# SPD shoes with flat pedals.



## Shinkers (Feb 5, 2014)

Hey,

So I ride flats religiously and have no plans to go back to clipless pedals in the foreseeable future. I have ridden 5.10 Impacts pretty much exclusively. 

That said, I'm looking to change it up a bit. One thing that I do like about clipless shoes is the stiffness of the sole. I'm a singlespeeder, and having a stiffer sole would be nice. Even stiffer than the impacts. 

So something I'm considering is using an SPD type shoe, and leaving the tread plug that they usually come with in. Something like the Pearl Izumi alp shoes actually have the plug bolted on. 

Another option would be to try a cheaper skate type shoe, and running a stiff insole to see what I think. 

Thoughts?

Thanks.


----------



## Lone Rager (Dec 13, 2013)

I noticed that a lot of those bolt in plugs are hard plastic, so I suspect the plug itself won't engage the pedal pins very well. IDK how that might affect your riding. 

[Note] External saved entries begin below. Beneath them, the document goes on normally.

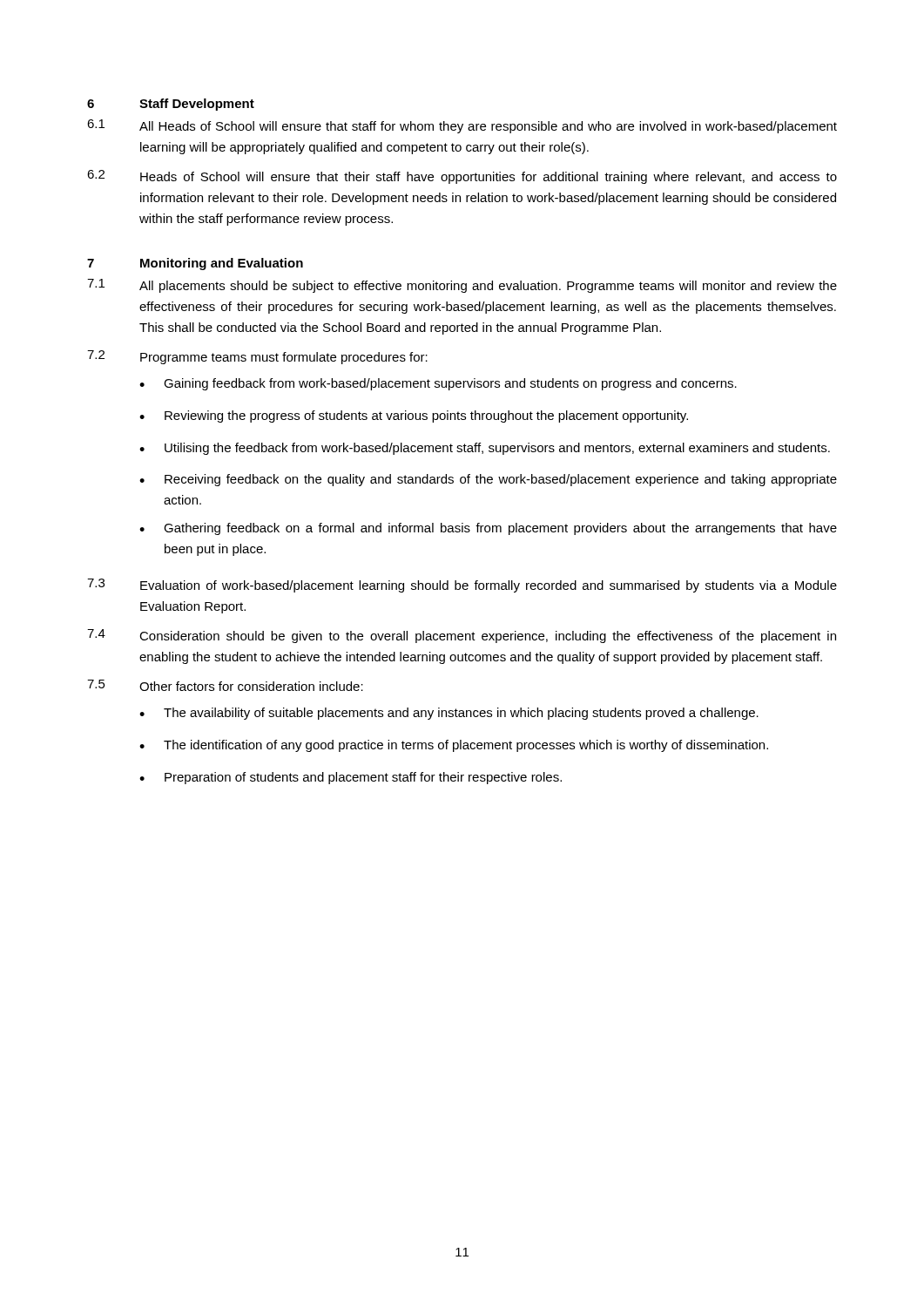Select the text starting "1 All Heads of School will ensure that"
924x1307 pixels.
(462, 137)
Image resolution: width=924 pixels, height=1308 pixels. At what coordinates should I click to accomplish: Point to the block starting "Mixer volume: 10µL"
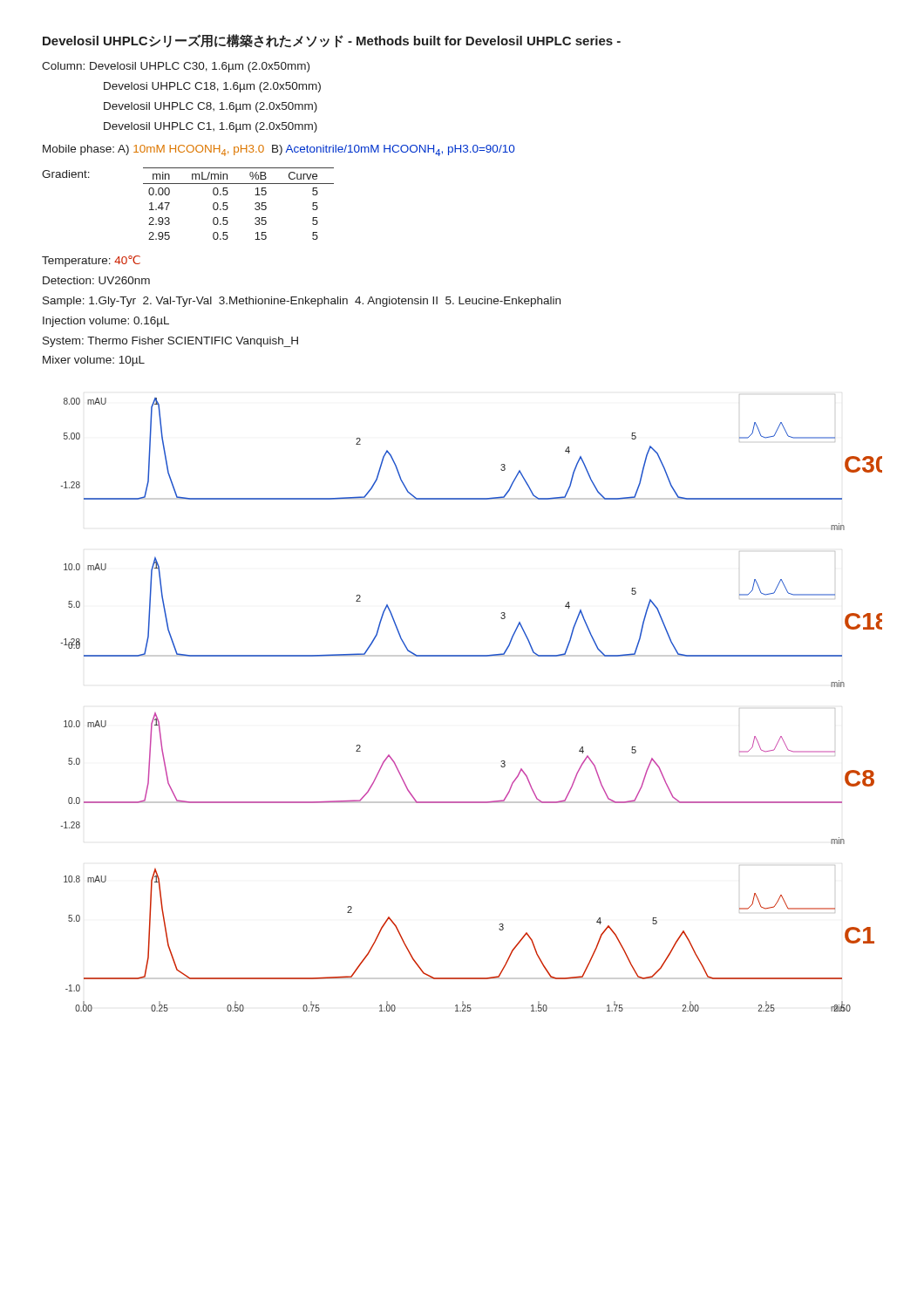(93, 360)
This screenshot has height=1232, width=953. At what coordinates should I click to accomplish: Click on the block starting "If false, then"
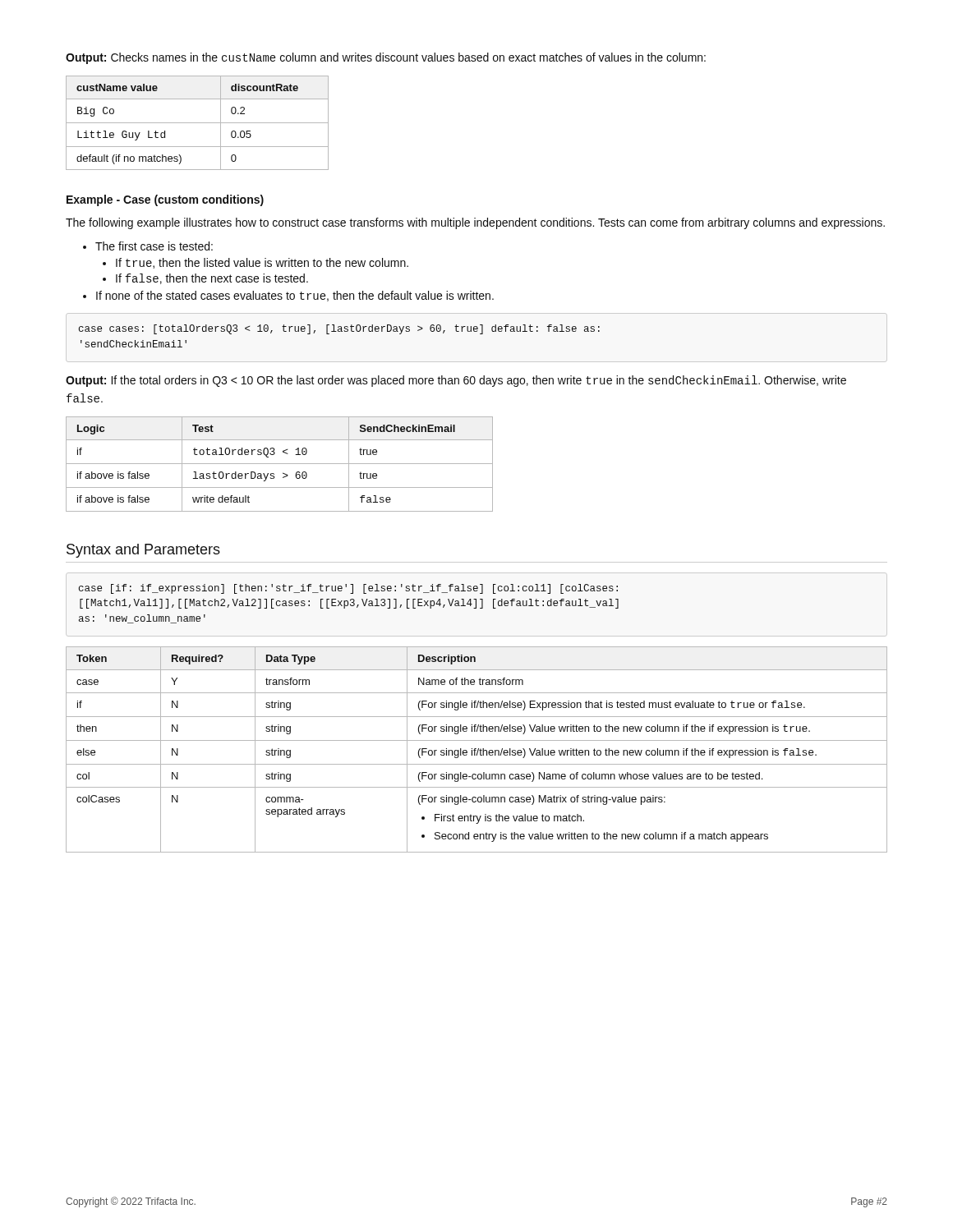(212, 279)
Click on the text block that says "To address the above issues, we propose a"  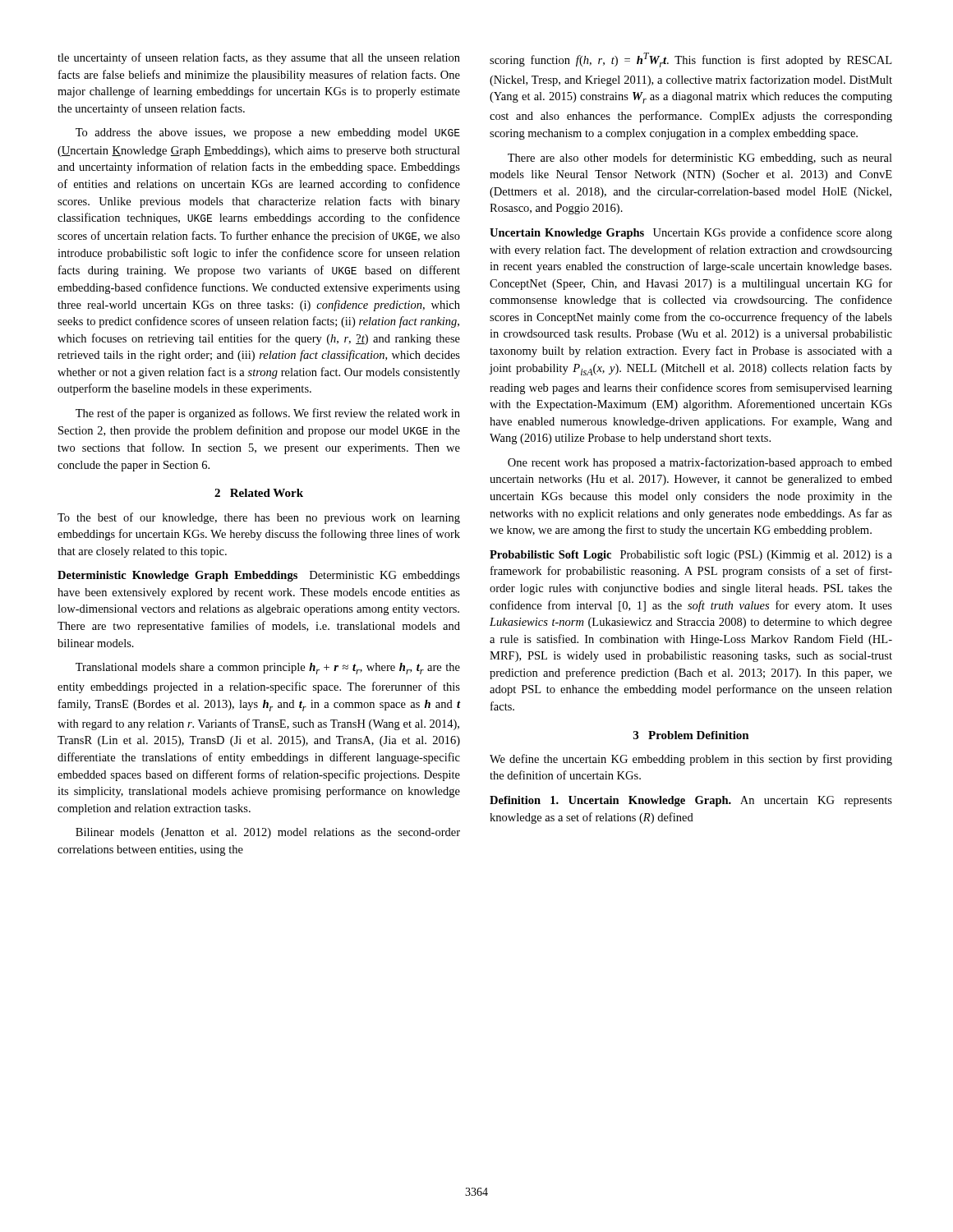click(x=259, y=261)
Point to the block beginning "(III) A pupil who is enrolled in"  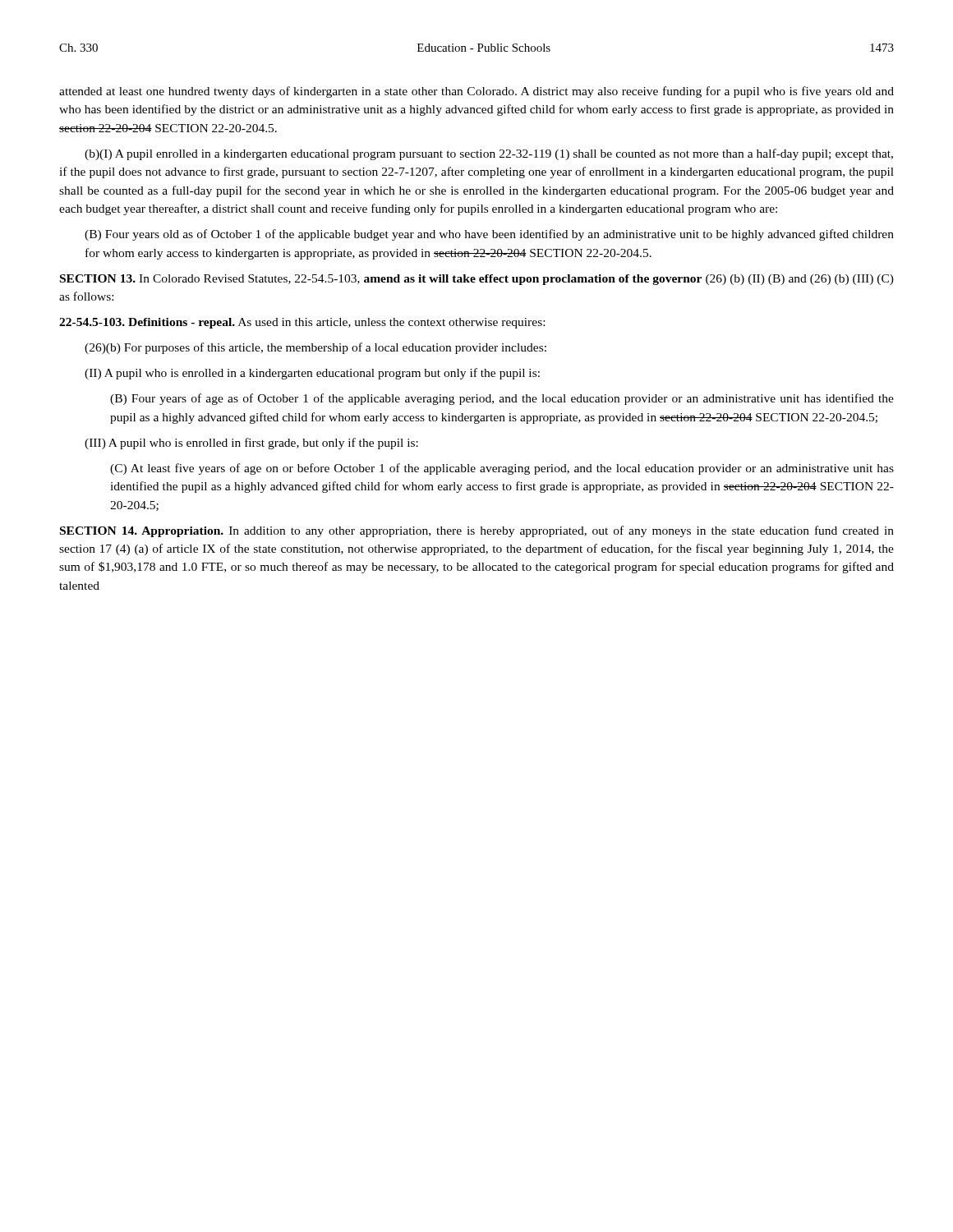tap(251, 444)

That said, I rode 510 Kestrels for a while with cleats installed and they worked pretty well with flats as far as engagement goes, but the soles were so stiff I couldn't really feel the location of the pedal under my foot. Also, they didn't work well walking the bike as there was no toe flex and heel retention was poor. 

Personally, I prefer flat pedal shoes with enough flex under the ball of the foot that I can feel how my foot is situated on the pedal.


----------



## minimusprime (May 26, 2009)

Try the 510 free ride contacts. I ride spd’s mostly but use flats at bike parks. The 510 free ride contacts are just as stiff as my Shimano sh200s and my carbon sole XC racing shoes.


----------